Since the attack on July 22, Ihler has become an expert in counter-terrorism, establishing the Khalifa-Ihler Institute for Peacebuilding and Counter-Terrorism, advising the European Union and the Global Internet Forum for Counter-Terrorism. Chairs the panel.

Breivik, who was planning an attack from his mother’s house in Oslo, used an online ecosystem to demonize Islam and question the future of Christianity in Europe. Talking to dozens of Reformed radicals, Ihler says these Internet echo chambers need to be exposed to a variety of voices.

“Regardless of ideology, the reasons they entered a radical environment are all somewhat similar. It’s about finding an identity and space where you find attribution. Whether it’s an Islamist or a far-right extremist. Regardless, the fundamental problem they have is living in a diverse environment, “he said. “The tricky part is to help them build comfort with their versatility.”

Ihler still believes in the power of traditional Norwegian values ​​such as democracy and rehabilitation in solving social problems.

Breivik hit all of this and tested the country’s commitment to nonviolence and benevolent justice, as well as tolerance and inclusiveness.

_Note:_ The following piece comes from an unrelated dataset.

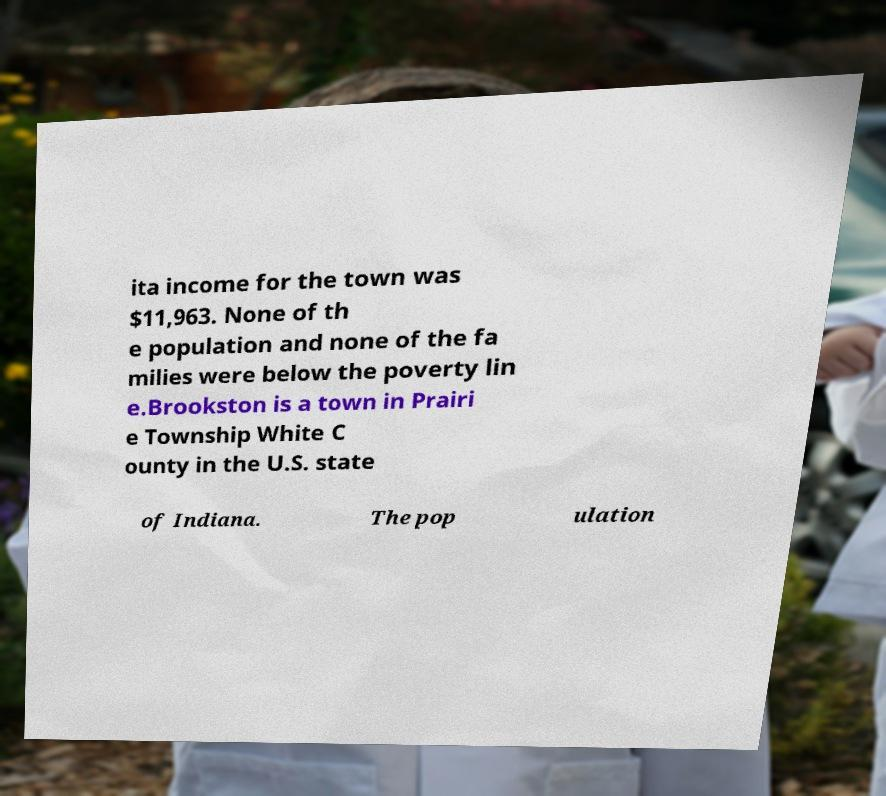Can you read and provide the text displayed in the image?This photo seems to have some interesting text. Can you extract and type it out for me? ita income for the town was $11,963. None of th e population and none of the fa milies were below the poverty lin e.Brookston is a town in Prairi e Township White C ounty in the U.S. state of Indiana. The pop ulation

Still, he benefits from a judicial system that favors rehabilitation over revenge.

If he is still considered dangerous, his decision may be extended, but Breivik has been serving for 21 years in a three-room cell with access to a gym and computer games.

“It’s right for him to be treated humanely,” Ihler said. “We don’t want to follow the same path of violence. We need to keep showing people that there is a better way to deal with the problems we have.”